Sinn Féin president Mary Lou McDonald has described the Irish general election as "something of a revolution in the ballot box".
Counting is continuing and the first results have come in, with Sinn Féin winning the most first preference votes.
With all first preferences counted, it has 24.5% compared to 22.2% for Fianna Fáil and 20.9% for Fine Gael.
No one party will win enough seats for an outright majority.
Polling in the election closed at 22:00 local time on Saturday.
Ballot boxes from across the 39 constituencies were opened at 09:00 on Sunday.
Many counts have finished for the night and will resume at 10:00 on Monday, but some are continuing.
Sinn Féin ran 42 candidates across the 39 multi-seat constituencies, about half that of both Fine Gael and Fianna Fáil, which will have a knock-on effect on the number of seats it can secure in the 160-seat Dáil (Irish parliament) where 80 seats are needed for a majority.
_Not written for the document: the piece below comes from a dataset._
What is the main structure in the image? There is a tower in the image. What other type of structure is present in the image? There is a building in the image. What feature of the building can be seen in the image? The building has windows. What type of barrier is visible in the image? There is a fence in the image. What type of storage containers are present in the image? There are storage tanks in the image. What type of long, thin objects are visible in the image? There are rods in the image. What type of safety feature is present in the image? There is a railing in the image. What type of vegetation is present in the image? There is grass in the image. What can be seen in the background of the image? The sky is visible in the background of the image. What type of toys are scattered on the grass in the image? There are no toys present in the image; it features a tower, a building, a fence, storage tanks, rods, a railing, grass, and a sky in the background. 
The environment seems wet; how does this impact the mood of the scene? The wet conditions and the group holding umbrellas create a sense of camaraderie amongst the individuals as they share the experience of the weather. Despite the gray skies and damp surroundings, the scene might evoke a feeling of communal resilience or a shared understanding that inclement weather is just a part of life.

What kind of government could be formed?
Once the final number of seats for each party is known, leaders will try to form a coalition government in order to avoid another general election.
Before the election both Fine Gael and Fianna Fáil said they would not enter coalition with Sinn Féin.
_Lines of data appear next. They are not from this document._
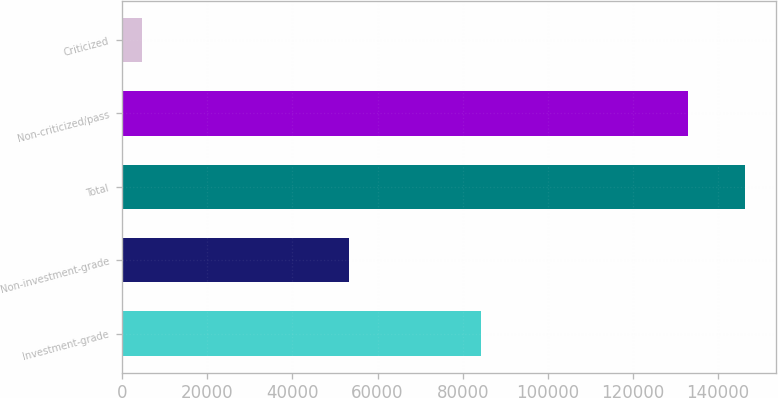Convert chart to OTSL. <chart><loc_0><loc_0><loc_500><loc_500><bar_chart><fcel>Investment-grade<fcel>Non-investment-grade<fcel>Total<fcel>Non-criticized/pass<fcel>Criticized<nl><fcel>84357<fcel>53262<fcel>146287<fcel>132988<fcel>4631<nl></chart> 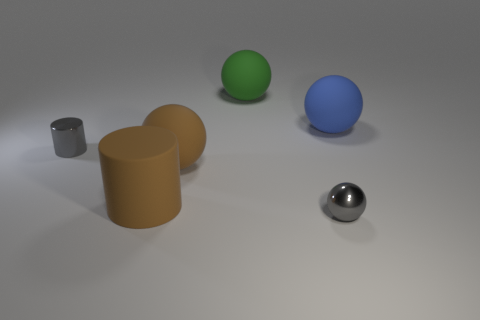Add 2 yellow rubber blocks. How many objects exist? 8 Subtract all cylinders. How many objects are left? 4 Add 6 large rubber cylinders. How many large rubber cylinders are left? 7 Add 1 gray balls. How many gray balls exist? 2 Subtract 1 brown spheres. How many objects are left? 5 Subtract all large cyan shiny blocks. Subtract all matte things. How many objects are left? 2 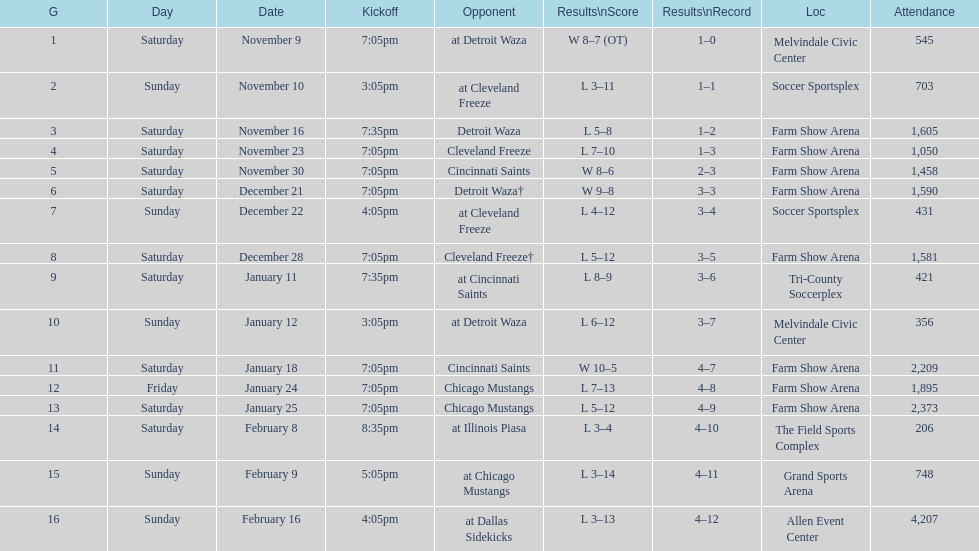How many times did the team play at home but did not win? 5.

Arriving at the RDS count centre in Dublin on Sunday afternoon, Sinn Féin leader Mary Lou McDonald said she was exploring options to see if it would be possible to form a government without either Fine Gael or Fianna Fáil.
On Sunday evening taoiseach (Irish PM) and Fine Gael leader Leo Varadkar said it would be "challenging" to form a government.
He said his party has consistently ruled out forming a coalition with Sinn Féin "in large part because of their policies in relation to crime, tax and the way the economy and society should be run and also our deep concerns about their democratic structures.
"We don't believe a coalition between Sinn Féin and Fine Gael is a viable option," he said.
He said a "forced marriage would not result in a good government."
Fianna Fáil leader Micheál Martin did not rule out working with Sinn Féin, but said "significant incompatibilities" still existed.
He said reports suggested that his party "would be the largest". He added that he was a "democrat" and respected the vote of the people.
What could Sinn Féin's surge mean for the overall result?
Following the last election in 2016 Sinn Féin had 23 seats in the Dáil (Irish parliament).
There are 160 seats up for election this time around, and Sinn Féin is set to dramatically increase how many it holds after it won the most first preference votes.
Ms McDonald said this election was about "change".
She topped the poll in her four-seat Dublin Central constituency.
"The frustration people have felt for a long time with the two-party system, whereby Fine Gael and Fianna Fáil handed the baton of power between each other - that's now over," she said.
"We now have a very substantial mandate."
She said she was exploring options to see to see if it was possible to form a government without Fine Gael and Fianna Fáil.